Hi Nick,
This is from week 3:
On 30 Mar 2020, at 07:16, Nick Mathewson nickm@freehaven.net wrote:
There's a faster calculation and more efficient encoding for Weighted, because there's a common factor in each POS() calculation: (1 << 32) / total_weight
If we remove that factor, we end up with a much simpler algorithm, that's also more flexible:
Algorithm: Expanding a "Weighted" indexspec.
Each weighted indexspec also has a multiplier, which may vary
between indexspecs.
Let total_weight = SUM(indexspec.index_weights)
Verify total_weight * multiplier <= UINT64_MAX.
Let total_so_far = 0.
Let result_idx = {} (an empty mapping).
Define POS(b) = b * multiplier
For 0 <= i < LEN(indexspec.indexweights):
Let w = indexspec.indexweights[i].
Let lo = POS(total_so_far).
Let total_so_far = total_so_far + w.
Let hi = POS(total_so_far) - 1.
Append (lo, hi) => i to result_idx.
Return result_idx.
I'm not so sure about this one -- see the note below about the total value.
If multiplier is large, then the weights can be quite small.
(Small weights sacrifice some accuracy.) And if the multiplier
is 1, you effectively have a "Raw" index.
If you make those changes, you should be able to use a similar process to expand all the different index types. (After multiplying, truncating, or hashing, you either end up with a delta, or an absolute position. You can turn deltas into absolute positions, and then feed them all into the same base algorithm.)
There are also a few things I think might be bugs:
Was there meant to be a constraint that the Weighted total is UINT64_MAX? Or close to UINT64_MAX?

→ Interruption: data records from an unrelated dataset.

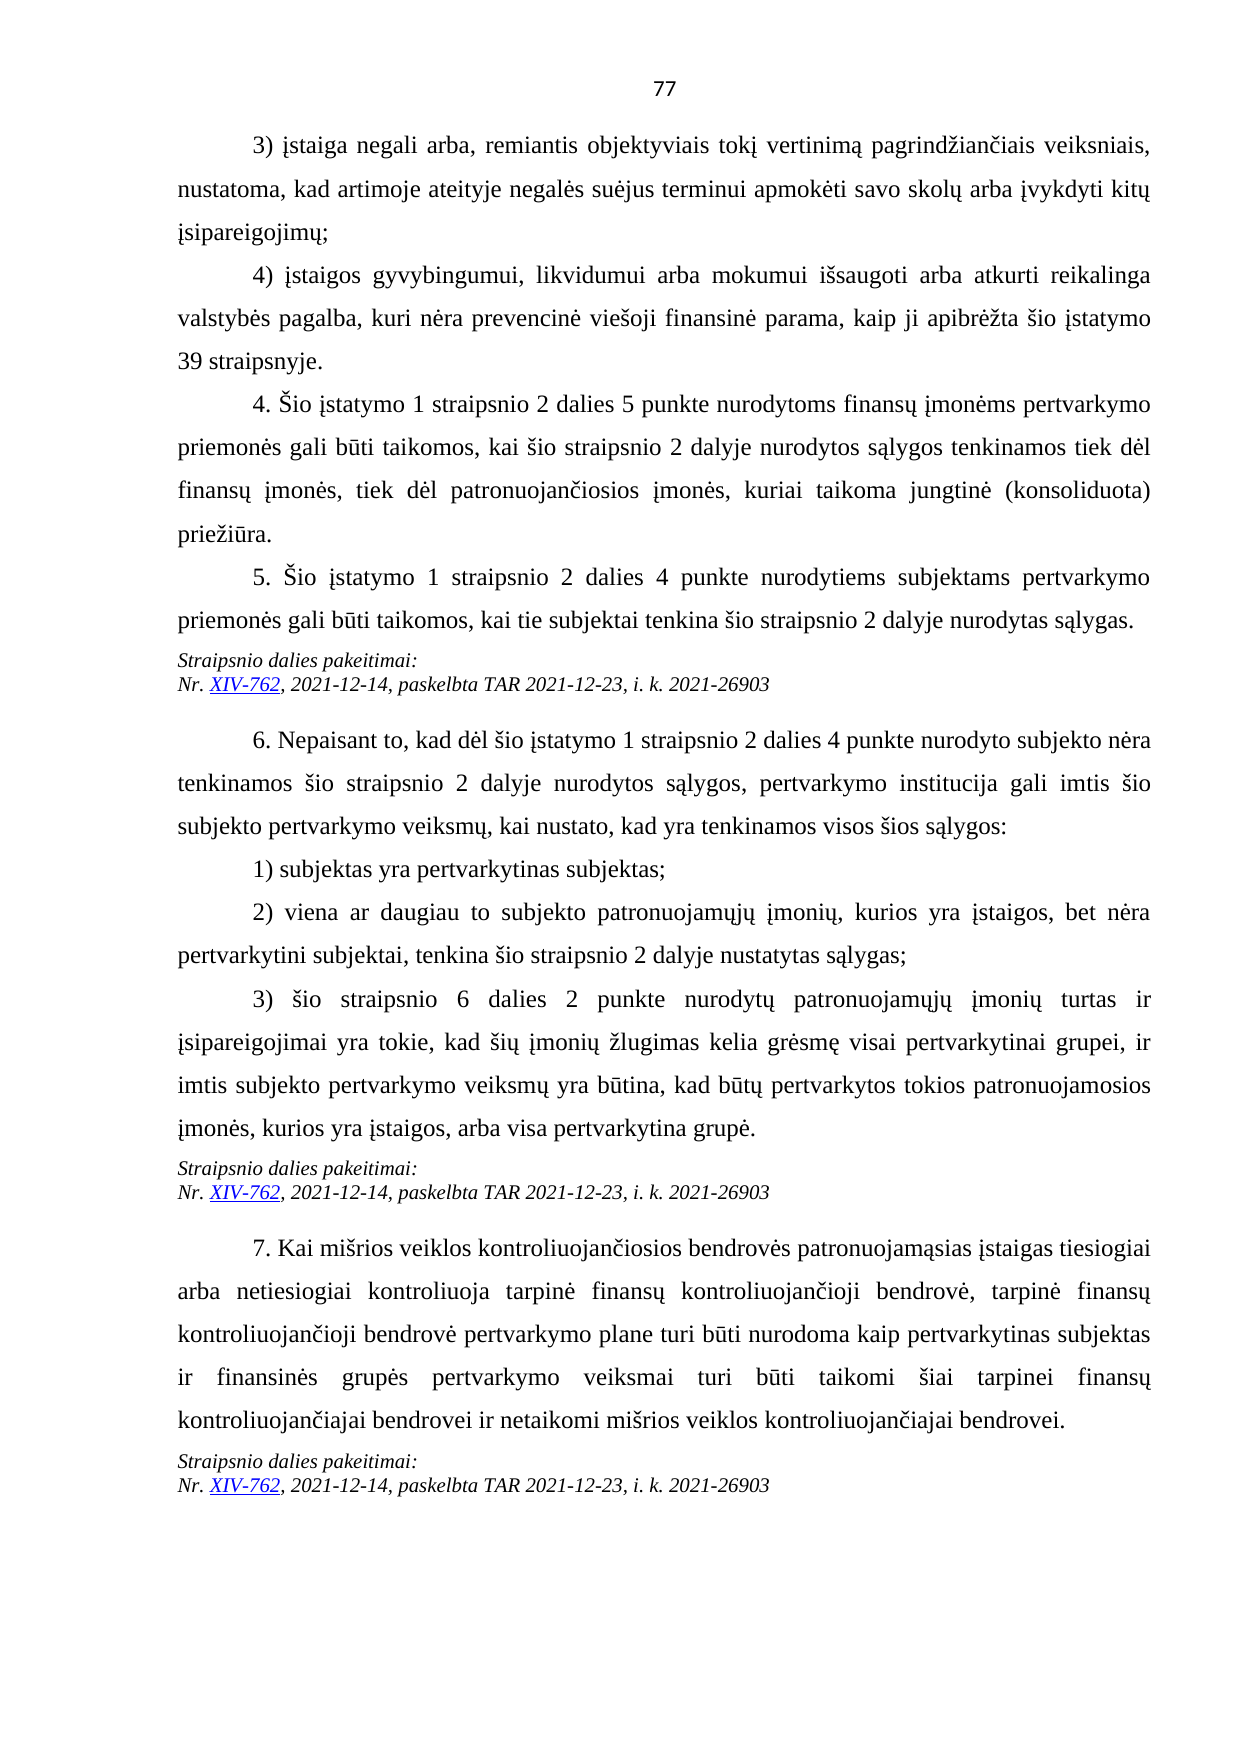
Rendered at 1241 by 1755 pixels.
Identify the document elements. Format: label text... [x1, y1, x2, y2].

text 1) subjektas yra pertvarkytinas subjektas; [177, 854, 1152, 883]
text Nr. XIV-762, 2021-12-14, paskelbta TAR 2021-12-23, i. k. 2021-26903 [177, 672, 1152, 696]
text 3) šio straipsnio 6 dalies 2 punkte nurodytų patronuojamųjų įmonių turtas ir įsipareigojimai yra tokie, kad šių įmonių žlugimas kelia grėsmę visai pertvarkytinai grupei, ir imtis subjekto pertvarkymo veiksmų yra būtina, kad būtų pertvarkytos tokios patronuojamosios įmonės, kurios yra įstaigos, arba visa pertvarkytina grupė. [177, 984, 1152, 1142]
text Straipsnio dalies pakeitimai: [177, 1156, 1152, 1180]
text Straipsnio dalies pakeitimai: [177, 648, 1152, 672]
text 4. Šio įstatymo 1 straipsnio 2 dalies 5 punkte nurodytoms finansų įmonėms pertvarkymo priemonės gali būti taikomos, kai šio straipsnio 2 dalyje nurodytos sąlygos tenkinamos tiek dėl finansų įmonės, tiek dėl patronuojančiosios įmonės, kuriai taikoma jungtinė (konsoliduota) priežiūra. [177, 389, 1152, 547]
text 5. Šio įstatymo 1 straipsnio 2 dalies 4 punkte nurodytiems subjektams pertvarkymo priemonės gali būti taikomos, kai tie subjektai tenkina šio straipsnio 2 dalyje nurodytas sąlygas. [177, 562, 1152, 634]
text Nr. XIV-762, 2021-12-14, paskelbta TAR 2021-12-23, i. k. 2021-26903 [177, 1180, 1152, 1204]
text 7. Kai mišrios veiklos kontroliuojančiosios bendrovės patronuojamąsias įstaigas tiesiogiai arba netiesiogiai kontroliuoja tarpinė finansų kontroliuojančioji bendrovė, tarpinė finansų kontroliuojančioji bendrovė pertvarkymo plane turi būti nurodoma kaip pertvarkytinas subjektas ir finansinės grupės pertvarkymo veiksmai turi būti taikomi šiai tarpinei finansų kontroliuojančiajai bendrovei ir netaikomi mišrios veiklos kontroliuojančiajai bendrovei. [177, 1233, 1152, 1434]
text 2) viena ar daugiau to subjekto patronuojamųjų įmonių, kurios yra įstaigos, bet nėra pertvarkytini subjektai, tenkina šio straipsnio 2 dalyje nustatytas sąlygas; [177, 897, 1152, 969]
text 4) įstaigos gyvybingumui, likvidumui arba mokumui išsaugoti arba atkurti reikalinga valstybės pagalba, kuri nėra prevencinė viešoji finansinė parama, kaip ji apibrėžta šio įstatymo 39 straipsnyje. [177, 260, 1152, 375]
text 6. Nepaisant to, kad dėl šio įstatymo 1 straipsnio 2 dalies 4 punkte nurodyto subjekto nėra tenkinamos šio straipsnio 2 dalyje nurodytos sąlygos, pertvarkymo institucija gali imtis šio subjekto pertvarkymo veiksmų, kai nustato, kad yra tenkinamos visos šios sąlygos: [177, 725, 1152, 840]
text Nr. XIV-762, 2021-12-14, paskelbta TAR 2021-12-23, i. k. 2021-26903 [177, 1473, 1152, 1497]
text 3) įstaiga negali arba, remiantis objektyviais tokį vertinimą pagrindžiančiais veiksniais, nustatoma, kad artimoje ateityje negalės suėjus terminui apmokėti savo skolų arba įvykdyti kitų įsipareigojimų; [177, 131, 1152, 246]
text Straipsnio dalies pakeitimai: [177, 1449, 1152, 1473]

The actual intention is that it has to be " = UINT32_MAX", not" <= UINT32_MAX". Remember that the the client picks its next relay by specifying a random index value in range 0..UINT32_MAX, and it expects that the relay to that it is extending to _will_ have a snip that covers that range.
The fixed parameters don't make much sense otherwise.

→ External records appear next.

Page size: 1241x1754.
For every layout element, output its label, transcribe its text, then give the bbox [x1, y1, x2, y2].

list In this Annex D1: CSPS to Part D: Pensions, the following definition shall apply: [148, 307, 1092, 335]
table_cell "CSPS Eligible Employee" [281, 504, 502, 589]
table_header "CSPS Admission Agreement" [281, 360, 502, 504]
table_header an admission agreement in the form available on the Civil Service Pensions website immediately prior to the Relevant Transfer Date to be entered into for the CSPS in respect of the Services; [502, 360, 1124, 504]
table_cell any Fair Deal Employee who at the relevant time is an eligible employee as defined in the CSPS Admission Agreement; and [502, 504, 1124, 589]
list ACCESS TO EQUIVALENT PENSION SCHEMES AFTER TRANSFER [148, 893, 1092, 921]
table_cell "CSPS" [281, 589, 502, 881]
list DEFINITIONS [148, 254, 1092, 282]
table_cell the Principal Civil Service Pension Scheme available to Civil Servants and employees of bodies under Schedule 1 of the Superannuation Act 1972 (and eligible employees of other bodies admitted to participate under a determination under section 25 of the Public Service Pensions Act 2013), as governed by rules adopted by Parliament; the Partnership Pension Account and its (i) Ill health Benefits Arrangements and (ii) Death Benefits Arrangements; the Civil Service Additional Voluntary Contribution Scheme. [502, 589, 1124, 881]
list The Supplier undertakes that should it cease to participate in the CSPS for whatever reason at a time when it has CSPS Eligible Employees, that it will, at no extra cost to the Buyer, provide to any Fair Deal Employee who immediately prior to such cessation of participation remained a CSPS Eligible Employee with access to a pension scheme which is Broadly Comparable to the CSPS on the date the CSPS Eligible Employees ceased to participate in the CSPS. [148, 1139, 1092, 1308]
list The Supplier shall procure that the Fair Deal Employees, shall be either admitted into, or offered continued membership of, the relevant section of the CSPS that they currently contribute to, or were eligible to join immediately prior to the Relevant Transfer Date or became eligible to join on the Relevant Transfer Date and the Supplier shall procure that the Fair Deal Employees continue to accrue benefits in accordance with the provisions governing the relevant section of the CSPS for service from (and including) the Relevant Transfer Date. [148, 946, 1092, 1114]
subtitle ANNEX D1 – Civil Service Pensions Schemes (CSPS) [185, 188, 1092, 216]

Hmm, ok, then if we use multiplication, there are going to be some issues with the cumulative error from truncating the original division.

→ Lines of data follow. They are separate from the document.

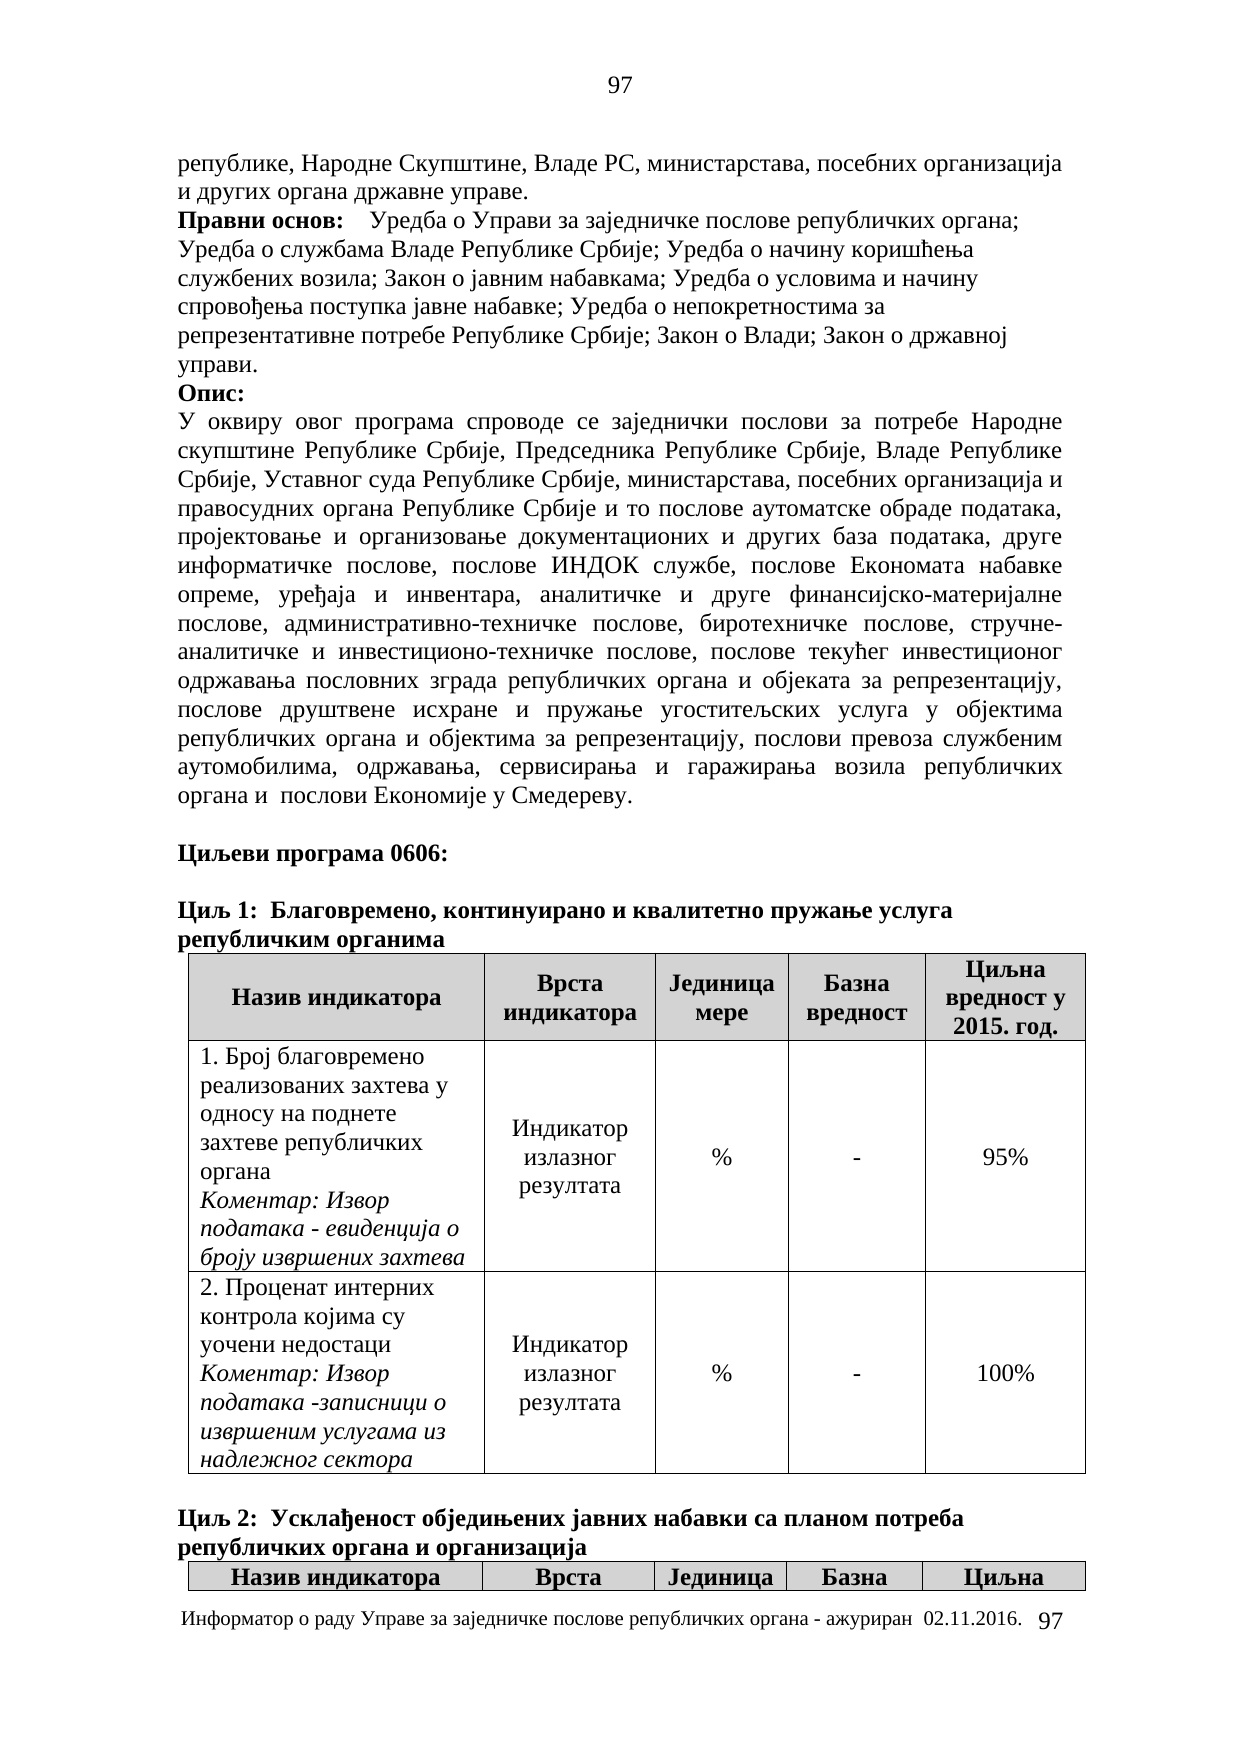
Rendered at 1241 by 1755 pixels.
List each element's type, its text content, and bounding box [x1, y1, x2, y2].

table_header Врста [483, 1562, 654, 1590]
table_cell Индикатор излазног резултата [485, 1041, 655, 1271]
table_header Базна [787, 1562, 922, 1590]
table_header Јединица мере [656, 954, 788, 1040]
table_header Врста индикатора [485, 954, 655, 1040]
table_cell - [789, 1272, 925, 1473]
table_header Назив индикатора [189, 1562, 482, 1590]
table_header Базна вредност [789, 954, 925, 1040]
table_header Циљна вредност у 2015. год. [926, 954, 1085, 1040]
table_cell % [656, 1272, 788, 1473]
text У оквиру овог програма спроводе се заједнички послови за потребе Народне скупштине Републике Србије, Председника Републике Србије, Владе Републике Србије, Уставног суда Републике Србије, министарстава, посебних организација и правосудних органа Републике Србије и то послове аутоматске обраде података, пројектовање и организовање документационих и других база података, друге информатичке послове, послове ИНДОК службе, послове Економата набавке опреме, уређаја и инвентара, аналитичке и друге финансијско-материјалне послове, административно-техничке послове, биротехничке послове, стручне-аналитичке и инвестиционо-техничке послове, послове текућег инвестиционог одржавања пословних зграда републичких органа и објеката за репрезентацију, послове друштвене исхране и пружање угоститељских услуга у објектима републичких органа и објектима за репрезентацију, послови превоза службеним аутомобилима, одржавања, сервисирања и гаражирања возила републичких органа и послови Економије у Смедереву. [177, 406, 1063, 809]
table_cell 1. Број благовремено реализованих захтева у односу на поднете захтеве републичких органа Kоментар: Извор података - евиденција о броју извршених захтева [189, 1041, 484, 1271]
table_header Циљна [923, 1562, 1085, 1590]
text републике, Народне Скупштине, Владе РС, министарстава, посебних организација и других органа државне управе. Правни основ: Уредба о Управи за заједничке послове републичких органа; Уредба о службама Владе Републике Србије; Уредба о начину коришћења службених возила; Закон о јавним набавкама; Уредба о условима и начину спровођења поступка јавне набавке; Уредба о непокретностима за репрезентативне потребе Републике Србије; Закон о Влади; Закон о државној управи. Опис: [177, 148, 1063, 406]
text Циљ 2: Усклађеност обједињених јавних набавки са планом потреба републичких органа и организација [177, 1503, 1063, 1561]
text Циљеви програма 0606: [177, 809, 1063, 866]
table_cell 2. Проценат интерних контрола којима су уочени недостаци Kоментар: Извор података -записници о извршеним услугама из надлежног сектора [189, 1272, 484, 1473]
table_cell 100% [926, 1272, 1085, 1473]
table_cell Индикатор излазног резултата [485, 1272, 655, 1473]
text Циљ 1: Благовремено, континуирано и квалитетно пружање услуга републичким органима [177, 866, 1063, 953]
table_cell % [656, 1041, 788, 1271]
table_cell 95% [926, 1041, 1085, 1271]
table_cell - [789, 1041, 925, 1271]
table_header Јединица [655, 1562, 786, 1590]
table_header Назив индикатора [189, 954, 484, 1040]

The error won't be too big, on average, it's N/2, worst case, it's N. (Where N is the number of indexes.) That's a tiny amount for large weights, but a huge amount for small weights. (Assuming that we continue to vote for relays with weights 1-100.)
But divisions also have some cumulative error.
Once you've revised these sections, let's review?
Only doing one division on the authorities is very appealing.
T